* **Records shown**

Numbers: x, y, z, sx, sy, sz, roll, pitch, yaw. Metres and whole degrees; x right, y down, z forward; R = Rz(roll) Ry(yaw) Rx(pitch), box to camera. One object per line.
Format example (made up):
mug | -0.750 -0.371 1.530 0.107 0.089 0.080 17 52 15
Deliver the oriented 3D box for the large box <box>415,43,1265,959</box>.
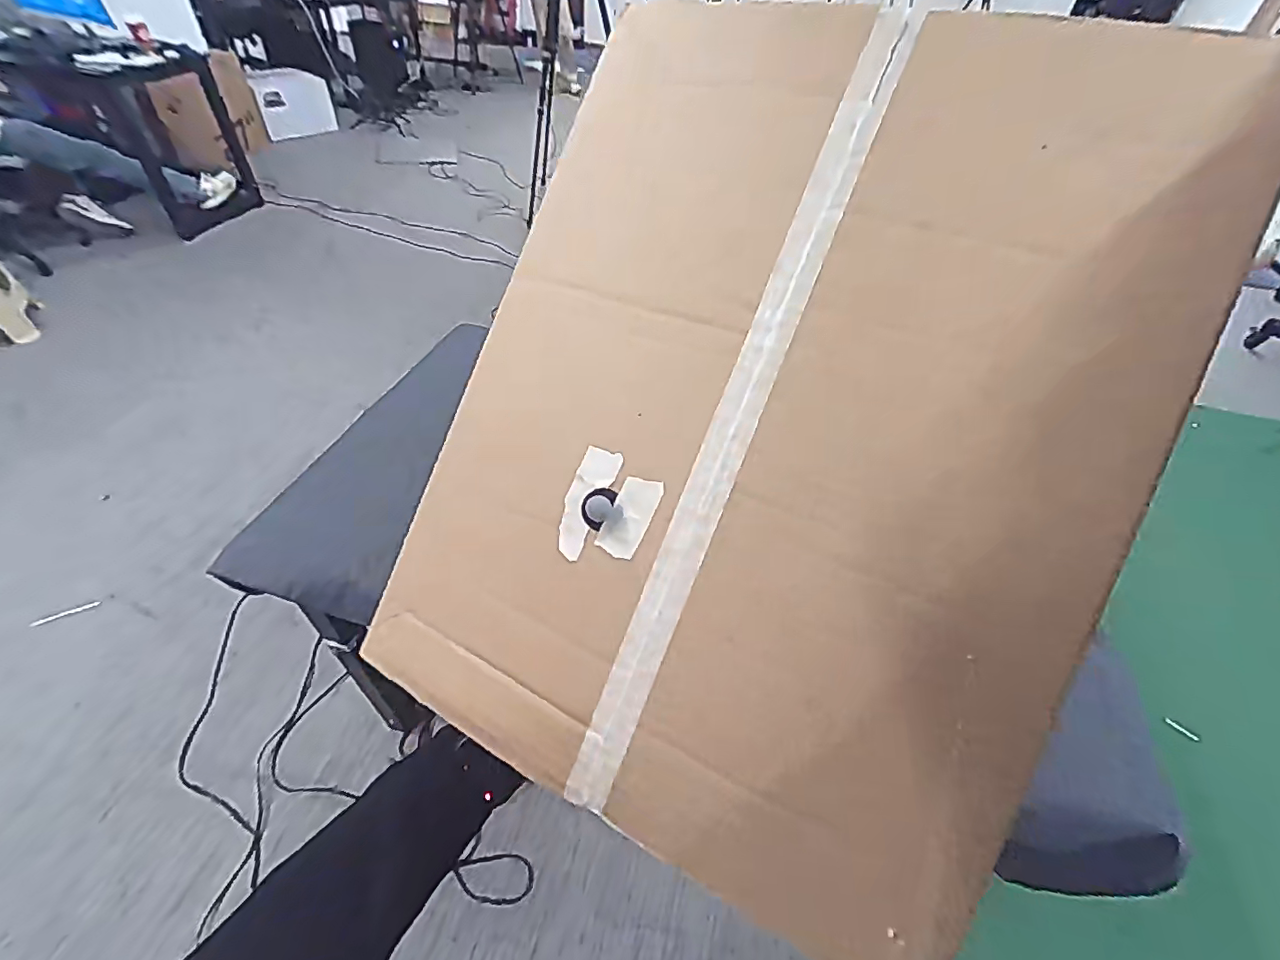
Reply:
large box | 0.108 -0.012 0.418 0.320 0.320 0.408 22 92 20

* **Task**
Restating the data word for word is the task, and pictures are to be omitted.

* **Result of the exercise**
Numbers: x, y, z, sx, sy, sz, roll, pitch, yaw. Metres and whole degrees; x right, y down, z forward; R = Rz(roll) Ry(yaw) Rx(pitch), box to camera. One object per line.
Format example (made up):
mug | -0.750 -0.371 1.530 0.107 0.089 0.080 17 52 15
Deliver the oriented 3D box for the large box <box>415,43,1265,959</box>.
Reply:
large box | 0.108 -0.012 0.418 0.320 0.320 0.408 22 92 20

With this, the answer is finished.